ImmunoPheno is a Python library for the design, annotation, and analysis of multiplexed cytometry data based on existing single-cell CITE-seq datasets. It implements functionalities for finding antibodies for gating specific cell populations, designing optimal antibody panels for multiplexed cytometry experiments, normalizing cytometry (CODEX, spectral flow cytometry, CyTOF, Imaging Mass Cytometry, mIHC, etc.) and CITE-seq data, and identifying and annotating cell populations in these data.
Until we upload the package to PyPI, the pip installation works from GitHub:
pip install git+https://github.com/CamaraLab/ImmunoPheno.git
Installation on a standard desktop computer should take a few minutes.

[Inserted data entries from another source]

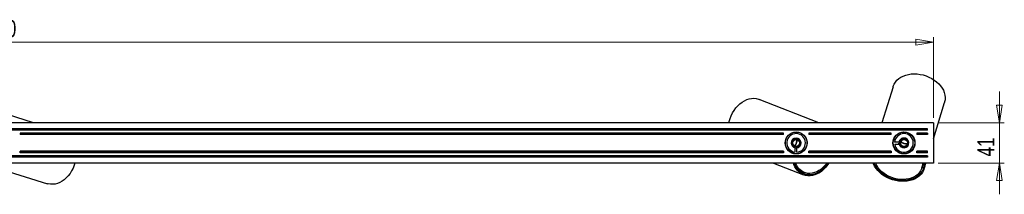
# Model space of a CAD drawing. Header units: millimetres. Extents: x 345 to 996, y 459 to 639.
# Tile 7 of 9: x 667 to 868, y 603 to 639. Entities that reach past the tile are written whole.
import ezdxf

# ---------------------------------------------------------------- set-up
doc = ezdxf.new("R2010")
doc.units = ezdxf.units.MM
doc.styles.add('SLDTEXTSTYLE0', font='TXT', dxfattribs={"width": 0.75})
doc.dimstyles.new('SLDDIMSTYLE1', dxfattribs={"dimtxt": 3.5, "dimasz": 3.556, "dimexe": 0, "dimexo": 0.0625, "dimgap": 0.875, "dimtad": 1, "dimdec": 0, "dimlfac": 5, "dimrnd": 1e-09, "dimzin": 12, "dimdsep": 46, "dimtxsty": 'SLDTEXTSTYLE0', "dimblk1": 'CLOSED', "dimblk2": 'CLOSED', "dimsah": 1, "dimcen": 0.09, "dimadec": 0, "dimazin": 3, "dimtfac": 1, "dimtdec": 0, "dimtofl": 0, "dimtmove": 0, "dimatfit": 3, "dimldrblk": 'CLOSED', "dimfxl": 0, "dimfrac": 2, "dimtolj": 1, "dimtzin": 12, "dimarcsym": 0})
doc.dimstyles.new('SLDDIMSTYLE2', dxfattribs={"dimtxt": 3.5, "dimasz": 3.556, "dimexe": 0, "dimexo": 0.0625, "dimgap": 0.875, "dimtad": 1, "dimdec": 0, "dimlfac": 5, "dimrnd": 1e-09, "dimzin": 12, "dimdsep": 46, "dimtxsty": 'SLDTEXTSTYLE0', "dimblk1": 'CLOSED', "dimblk2": 'CLOSED', "dimsah": 1, "dimcen": 0.09, "dimadec": 0, "dimazin": 3, "dimtfac": 1, "dimtdec": 0, "dimtmove": 0, "dimatfit": 0, "dimldrblk": 'CLOSED', "dimfxl": 0, "dimfrac": 2, "dimtolj": 1, "dimtzin": 12, "dimarcsym": 0})

# ---------------------------------------------------------------- blocks, each defined once
blk = doc.blocks.new('_Closed')
at = {"color": 0, "linetype": 'ByBlock', "lineweight": -2}
for p, q in [((-1, 0.166667), (0, 0)), ((-1, 0.166667), (-1, -0.166667)), ((0, 0), (-1, -0.166667)), ((0, 0), (-1, 0))]:
    blk.add_line(p, q, dxfattribs=at)
blk = doc.blocks.new('_D_1')
at = {"color": 7, "linetype": 'Continuous', "lineweight": 0}
for p, q in [((453.33, 618.67), (453.33, 635.07)), ((853.33, 618.67), (853.33, 635.07)), ((853.33, 634.07), (453.33, 634.07))]:
    blk.add_line(p, q, dxfattribs=at)
at = {"color": 7, "linetype": 'Continuous', "lineweight": 18, "xscale": 3.556, "yscale": 3.556, "rotation": 180.0000000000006}
blk.add_blockref('_Closed', (453.33, 634.07, 6.19), dxfattribs=at)
at = {"color": 7, "linetype": 'Continuous', "lineweight": 18, "xscale": 3.556, "yscale": 3.556}
blk.add_blockref('_Closed', (853.33, 634.07, 6.19), dxfattribs=at)
at = {"color": 7, "linetype": 'Continuous', "lineweight": 18, "insert": (658.34, 638.58), "char_height": 3.5, "attachment_point": 1, "style": 'SLDTEXTSTYLE0'}
blk.add_mtext('2000', dxfattribs=at)
blk = doc.blocks.new('_D_2')
at = {"color": 7, "linetype": 'Continuous', "lineweight": 0}
for p, q in [((866.81, 617.67), (866.81, 624.02)), ((854.33, 617.67), (867.81, 617.67)), ((866.81, 617.67), (866.81, 609.47)), ((854.33, 609.47), (867.81, 609.47)), ((866.81, 609.47), (866.81, 603.12))]:
    blk.add_line(p, q, dxfattribs=at)
at = {"color": 7, "linetype": 'Continuous', "lineweight": 18, "xscale": 3.556, "yscale": 3.556}
for p, rotation in [((866.81, 617.67, 6.19), 270.0000000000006), ((866.81, 609.47, 6.19), 90.00000000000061)]:
    blk.add_blockref('_Closed', p, dxfattribs=dict(at, rotation=rotation))
at = {"color": 7, "linetype": 'Continuous', "lineweight": 18, "insert": (862.3, 610.8), "char_height": 3.5, "attachment_point": 1, "rotation": 90, "style": 'SLDTEXTSTYLE0'}
blk.add_mtext('41', dxfattribs=at)

msp = doc.modelspace()

# ---------------------------------------------------------------- linework, layer by layer
at = {"color": 7, "linetype": 'Continuous', "lineweight": 25}
for p, q in [((845.1, 625.02), (842.84, 617.67)), ((829.95, 617.67), (817.75, 622.44)), ((853.33, 614.37), (855.61, 621.79)), ((669.69, 617.67), (662.36, 619.94)), ((853.33, 617.67), (453.33, 617.67)), ((853.33, 617.67), (853.33, 609.47)), ((852.13, 616.47), (454.53, 616.47)), ((852.13, 616.17), (454.53, 616.17)), ((822.73, 615.57), (666.93, 615.57)), ((666.93, 615.57), (666.93, 615.47)), ((666.93, 615.47), (666.93, 615.27)), ((822.73, 615.47), (666.93, 615.47)), ((822.73, 615.27), (666.93, 615.27)), ((822.73, 615.47), (822.73, 615.57)), ((822.73, 615.27), (822.73, 615.47)), ((823.65, 614.99), (823.74, 615.16)), ((824.31, 615.58), (824.38, 615.55)), ((826.14, 615.61), (826.18, 615.65)), ((826.29, 615.55), (826.32, 615.59)), ((826.5, 615.43), (826.53, 615.47)), ((844.73, 615.57), (827.93, 615.57)), ((827.93, 615.57), (827.93, 615.47)), ((827.93, 615.47), (827.93, 615.27)), ((844.73, 615.47), (827.93, 615.47)), ((844.73, 615.27), (827.93, 615.27)), ((844.73, 615.47), (844.73, 615.57)), ((844.73, 615.27), (844.73, 615.47)), ((846.37, 615.55), (846.39, 615.61)), ((847.07, 615.8), (847.27, 615.77)), ((848.62, 615.35), (848.8, 615.27)), ((852.13, 615.57), (849.93, 615.57)), ((849.93, 615.57), (849.93, 615.47)), ((852.13, 615.47), (849.93, 615.47)), ((849.93, 615.47), (849.93, 615.27)), ((852.13, 615.27), (849.93, 615.27)), ((852.13, 616.17), (852.13, 616.47)), ((852.13, 615.57), (852.13, 615.47)), ((852.13, 615.47), (852.13, 615.27)), ((823.08, 613.48), (823.13, 613.67)), ((825, 614.51), (825, 614.5)), ((825.36, 614.57), (825.35, 614.56)), ((825.78, 614.44), (825.79, 614.46)), ((827.37, 614.38), (827.44, 614.36)), ((827.47, 614.07), (827.53, 614.05)), ((827.55, 613.9), (827.52, 613.81)), ((827.56, 613.85), (827.52, 613.75)), ((845.09, 613.81), (845.14, 613.81)), ((845.13, 614.05), (845.18, 614.05)), ((845.17, 614.2), (845.22, 614.2)), ((846.3, 613.73), (845.43, 613.7)), ((845.45, 613.3), (846.32, 613.33)), ((846.32, 613.33), (846.31, 613.49)), ((848.24, 613.18), (848.25, 613.18)), ((848.33, 613.62), (848.32, 613.62)), ((849.26, 614.73), (849.24, 614.67)), ((852.13, 610.97), (454.53, 610.97)), ((822.73, 611.87), (666.93, 611.87)), ((666.93, 611.67), (666.93, 611.87)), ((822.73, 611.67), (666.93, 611.67)), ((666.93, 611.57), (666.93, 611.67)), ((822.73, 611.57), (666.93, 611.57)), ((822.73, 611.87), (822.73, 611.67)), ((822.73, 611.67), (822.73, 611.57)), ((823.28, 612.76), (823.22, 612.78)), ((824.54, 611.46), (824.54, 611.52)), ((824.69, 611.41), (824.69, 611.46)), ((824.92, 611.36), (824.92, 611.41)), ((825.09, 612.56), (825.06, 611.69)), ((825.49, 612.54), (825.33, 612.55)), ((825.46, 611.67), (825.49, 612.54)), ((826.34, 611.56), (826.28, 611.59)), ((826.62, 611.72), (826.56, 611.75)), ((826.77, 611.91), (826.74, 611.81)), ((826.82, 611.95), (826.78, 611.85)), ((844.73, 611.87), (827.93, 611.87)), ((827.93, 611.67), (827.93, 611.87)), ((844.73, 611.67), (827.93, 611.67)), ((827.93, 611.57), (827.93, 611.67)), ((844.73, 611.57), (827.93, 611.57)), ((844.73, 611.87), (844.73, 611.67)), ((844.73, 611.67), (844.73, 611.57)), ((845.4, 612.41), (845.42, 612.47)), ((845.58, 612.15), (845.6, 612.21)), ((845.78, 612), (845.68, 612.04)), ((845.83, 611.96), (845.72, 612)), ((847.77, 611.36), (847.67, 611.4)), ((847.83, 611.38), (847.73, 611.41)), ((847.99, 611.47), (847.97, 611.41)), ((848.29, 611.59), (848.27, 611.53)), ((849.27, 612.54), (849.31, 612.51)), ((849.37, 612.76), (849.41, 612.73)), ((849.43, 612.91), (849.47, 612.88)), ((852.13, 611.87), (849.93, 611.87)), ((849.93, 611.67), (849.93, 611.87)), ((852.13, 611.67), (849.93, 611.67)), ((849.93, 611.57), (849.93, 611.67)), ((852.13, 611.57), (849.93, 611.57)), ((852.13, 611.67), (852.13, 611.87)), ((852.13, 611.57), (852.13, 611.67)), ((852.13, 610.97), (852.13, 610.67)), ((853.33, 609.47), (453.33, 609.47)), ((852.13, 610.67), (454.53, 610.67)), ((659.11, 609.43), (672.54, 605.27)), ((820.71, 609.47), (826.83, 607.08)), ((851.42, 609.18), (851.18, 609.25)), ((851.48, 608.36), (851.82, 609.47)), ((826.31, 607.87), (826.22, 607.64)), ((826.75, 607.33), (826.85, 607.6)), ((826.76, 607.64), (827.01, 607.54)), ((851, 608.5), (851.08, 608.76)), ((851.05, 608.67), (851.33, 608.58))]:
    msp.add_line(p, q, dxfattribs=at)
at = {"color": 7, "linetype": 'Continuous', "lineweight": 25, "flags": 128}
for points in [[(845.1, 625.02), (845.13, 625.13), (845.32, 625.56), (845.58, 625.96), (845.89, 626.33), (846.27, 626.66), (846.69, 626.95), (847.17, 627.19), (847.69, 627.38), (848.24, 627.52), (848.82, 627.6), (849.42, 627.63), (850.03, 627.61), (850.64, 627.53), (851.26, 627.4), (851.86, 627.21), (852.44, 626.98), (852.99, 626.7), (853.51, 626.37), (853.99, 626.01), (854.42, 625.62), (854.8, 625.19), (855.12, 624.74), (855.37, 624.28), (855.57, 623.8), (855.69, 623.32), (855.74, 622.83), (855.73, 622.36), (855.64, 621.9), (855.61, 621.79)], [(811.6, 617.67), (811.65, 617.91), (811.83, 618.51), (812.06, 619.1), (812.33, 619.66), (812.66, 620.19), (813.02, 620.68), (813.41, 621.13), (813.84, 621.53), (814.29, 621.88), (814.76, 622.16), (815.25, 622.39), (815.74, 622.54), (816.23, 622.63), (816.71, 622.65), (817.18, 622.6), (817.64, 622.48), (817.75, 622.44)], [(825.23, 612.59), (825.35, 612.57), (825.73, 612.65), (826.05, 612.88), (826.26, 613.21), (826.33, 613.59), (826.24, 613.97), (826.02, 614.29), (825.69, 614.5), (825.31, 614.57), (824.93, 614.49), (824.61, 614.26), (824.4, 613.93), (824.33, 613.55), (824.41, 613.17), (824.41, 613.17)], [(825.09, 612.91), (825.26, 613.18), (825.42, 613.53)], [(825.42, 613.53), (825.54, 613.9), (825.6, 614.22)], [(846.34, 613.59), (846.33, 613.48), (846.44, 613.1), (846.69, 612.8), (847.03, 612.61), (847.42, 612.57), (847.8, 612.69), (848.1, 612.93), (848.28, 613.28), (848.32, 613.66), (848.21, 614.04), (847.97, 614.34), (847.62, 614.53), (847.23, 614.56), (846.86, 614.45), (846.86, 614.45)], [(846.66, 613.76), (846.94, 613.61), (847.3, 613.47)], [(847.3, 613.47), (847.68, 613.38), (847.99, 613.35)], [(678.11, 609.47), (677.97, 609.02), (677.73, 608.44), (677.45, 607.89), (677.12, 607.37), (676.76, 606.89), (676.36, 606.46), (675.94, 606.08), (675.49, 605.77), (675.02, 605.51), (674.55, 605.32), (674.06, 605.19), (673.58, 605.14), (673.11, 605.15), (672.65, 605.24), (672.54, 605.27)], [(832.01, 609.47), (831.75, 609.09), (831.38, 608.62), (830.97, 608.2), (830.54, 607.83), (830.08, 607.51), (829.61, 607.25), (829.13, 607.06), (828.64, 606.93), (828.16, 606.87), (827.68, 606.88), (827.22, 606.95), (826.78, 607.1), (826.37, 607.3), (825.98, 607.57), (825.64, 607.9), (825.33, 608.29), (825.07, 608.72), (824.86, 609.2), (824.77, 609.47)], [(831.83, 609.47), (831.61, 609.15), (831.23, 608.69), (830.82, 608.27), (830.38, 607.91), (829.92, 607.61), (829.44, 607.37), (828.96, 607.2), (828.47, 607.09), (827.99, 607.06), (827.52, 607.1), (827.07, 607.2), (826.64, 607.38), (826.25, 607.62), (825.89, 607.92), (825.56, 608.29), (825.29, 608.71), (825.06, 609.17), (824.95, 609.47)], [(831.56, 609.47), (831.24, 609.06), (830.85, 608.63), (830.43, 608.26), (829.99, 607.95), (829.54, 607.7), (829.07, 607.52), (828.59, 607.4), (828.13, 607.35), (827.67, 607.37), (827.23, 607.47), (826.81, 607.63), (826.42, 607.86), (826.07, 608.15), (825.75, 608.5), (825.49, 608.91), (825.27, 609.36), (825.22, 609.47)], [(851.61, 609.47), (851.61, 609.33), (851.59, 608.86), (851.49, 608.41), (851.33, 607.97), (851.11, 607.57), (850.82, 607.19), (850.47, 606.85), (850.06, 606.55), (849.61, 606.29), (849.12, 606.08), (848.59, 605.92), (848.02, 605.81), (847.44, 605.75), (846.84, 605.75), (846.23, 605.81), (845.62, 605.91), (845.02, 606.07), (844.44, 606.28), (843.87, 606.53), (843.34, 606.83), (842.84, 607.17), (842.39, 607.54), (841.99, 607.95), (841.64, 608.38), (841.35, 608.83), (841.12, 609.3), (841.05, 609.47)], [(851.41, 609.47), (851.42, 609.15), (851.36, 608.69), (851.23, 608.24), (851.03, 607.83), (850.77, 607.43), (850.44, 607.08), (850.06, 606.76), (849.62, 606.49), (849.14, 606.27), (848.62, 606.1), (848.06, 605.98), (847.48, 605.91), (846.88, 605.9), (846.27, 605.95), (845.67, 606.05), (845.06, 606.21), (844.48, 606.42), (843.92, 606.68), (843.39, 606.98), (842.9, 607.32), (842.45, 607.7), (842.06, 608.11), (841.73, 608.55), (841.45, 609.01), (841.25, 609.47)], [(851.12, 609.47), (851.12, 609.16), (851.06, 608.72), (850.93, 608.29), (850.72, 607.88), (850.46, 607.51), (850.13, 607.17), (849.74, 606.88), (849.31, 606.63), (848.83, 606.42), (848.31, 606.27), (847.76, 606.17), (847.19, 606.13), (846.6, 606.15), (846.01, 606.22), (845.42, 606.34), (844.84, 606.52), (844.29, 606.75), (843.76, 607.02), (843.27, 607.34), (842.82, 607.69), (842.42, 608.08), (842.07, 608.5), (841.79, 608.94), (841.57, 609.39), (841.54, 609.47)]]:
    msp.add_lwpolyline(points, dxfattribs=at)
at = {"color": 7, "linetype": 'Continuous', "lineweight": 25}
for centre, radius in [((825.33, 613.57), 2.25), ((825.33, 613.57), 2.2), ((847.33, 613.57), 2.25), ((847.33, 613.57), 2.2), ((825.33, 613.57), 0.8), ((825.33, 613.57), 0.7), ((847.33, 613.57), 0.8), ((847.33, 613.57), 0.7)]:
    msp.add_circle(centre, radius, dxfattribs=at)
for centre, radius, start, end in [((825.33, 613.57), 1.9, 273.9716, 261.887), ((847.33, 613.57), 1.9, 188.2266, 176.1419), ((825.33, 613.57), 1, 203.6425, 248.6425), ((824.83, 612.73), 0.266, 334.8414, 59.3095), ((823.85, 614.14), 1.63, 314.0128, 339.0907), ((823.86, 614.16), 1.63, 338.1943, 3.2723), ((846.46, 614.01), 0.266, 249.0964, 333.5645), ((847.33, 613.57), 1, 117.8975, 162.8975), ((847.78, 615.09), 1.63, 228.2678, 253.3457), ((847.81, 615.08), 1.63, 252.4493, 277.5272), ((828.05, 610.62), 3.25, 200.767, 246.6432), ((848.4, 609.58), 2.8, 342.9578, 357.6909)]:
    msp.add_arc(centre, radius, start, end, dxfattribs=at)
for points, knots in [([(825.31, 614.46), (825.22, 614.46), (825.04, 614.45), (824.78, 614.33), (824.55, 614.13), (824.39, 613.85), (824.33, 613.54), (824.36, 613.3), (824.41, 613.18), (824.41, 613.17)], [0, 0, 0, 0, 0.145028, 0.289979, 0.456545, 0.625702, 0.796504, 0.973544, 1, 1, 1, 1]), ([(824.96, 612.64), (825.05, 612.62), (825.25, 612.57), (825.56, 612.61), (825.86, 612.76), (826.08, 613), (826.22, 613.28), (826.22, 613.49), (826.22, 613.59)], [0, 0, 0, 0, 0.144785, 0.321878, 0.499028, 0.672515, 0.841766, 1, 1, 1, 1]), ([(826.22, 613.59), (826.22, 613.62), (826.21, 613.75), (826.14, 613.98), (825.96, 614.23), (825.7, 614.4), (825.48, 614.46), (825.34, 614.46), (825.31, 614.46)], [0, 0, 0, 0, 0.0718, 0.286448, 0.501095, 0.715743, 0.93039, 1, 1, 1, 1]), ([(846.37, 613.86), (846.36, 613.77), (846.33, 613.58), (846.39, 613.27), (846.56, 612.98), (846.81, 612.78), (847.11, 612.66), (847.31, 612.68), (847.41, 612.68)], [0, 0, 0, 0, 0.144785, 0.321878, 0.499028, 0.672515, 0.841766, 1, 1, 1, 1]), ([(848.22, 613.65), (848.21, 613.74), (848.18, 613.92), (848.05, 614.17), (847.83, 614.39), (847.54, 614.52), (847.22, 614.56), (846.99, 614.51), (846.88, 614.46), (846.86, 614.45)], [0, 0, 0, 0, 0.145028, 0.289979, 0.456545, 0.625702, 0.796504, 0.973544, 1, 1, 1, 1]), ([(847.41, 612.68), (847.45, 612.69), (847.58, 612.7), (847.8, 612.79), (848.03, 612.99), (848.18, 613.26), (848.23, 613.49), (848.22, 613.62), (848.22, 613.65)], [0, 0, 0, 0, 0.0718, 0.286448, 0.501095, 0.715743, 0.93039, 1, 1, 1, 1])]:
    msp.add_open_spline(points, degree=3, knots=knots, dxfattribs=at)

# ---------------------------------------------------------------- dimensions: what is measured, and where the dimension line sits
at = {"color": 7, "linetype": 'Continuous', "lineweight": 18}
for base, p2, angle, dimstyle, picture, middle in [((453.33, 634.07), (453.33, 617.67), 0, 'SLDDIMSTYLE1', '_D_1', (663.52, 634.07)), ((866.81, 609.47), (853.33, 609.47), 90, 'SLDDIMSTYLE2', '_D_2', (866.81, 613.39))]:
    dim = msp.add_linear_dim(base=base, p1=(853.33, 617.67), p2=p2, angle=angle, dimstyle=dimstyle, dxfattribs=at)
    dim.commit()
    dim.dimension.update_dxf_attribs({"geometry": picture, "text_midpoint": middle, "dimtype": 160})

doc.saveas('drawing.dxf')

The easiest way to run ImmunoPheno is via Jupyter. Install Jupyter with
pip install notebook
Then start up Jupyter from terminal / Powershell using
jupyter notebook
We provide a Docker image that contains ImmunoPheno and its dependencies. Running the following command will launch a Jupyter notebook server on localhost with ImmunoPheno and its dependencies installed:
docker run -it -p 8888:8888 -p 8050:8050 -v C:\Users\myusername\Documents\myfolder:/home/jovyan/work camaralab/python3:immunopheno
The -p
flag controls the port number on local host. For example, writing -p 4264:8888
will let you access
the Jupyter server from 127.0.0.1:4264. The -v
"bind mount" flag allows one to mount a local directory on the
host machine to a folder inside the container so that you can read and write files on the host machine from within
the Docker image. Here one must mount the folder on the host machine as /home/jovyan/work or
/home/jovyan/some_other_folder as the primary user "jovyan" in the Docker image only has access to that directory.
See the Jupyter docker image documentation
for more information.
Documentation and tutorials can be found on ImmunoPheno's readthedocs.io website.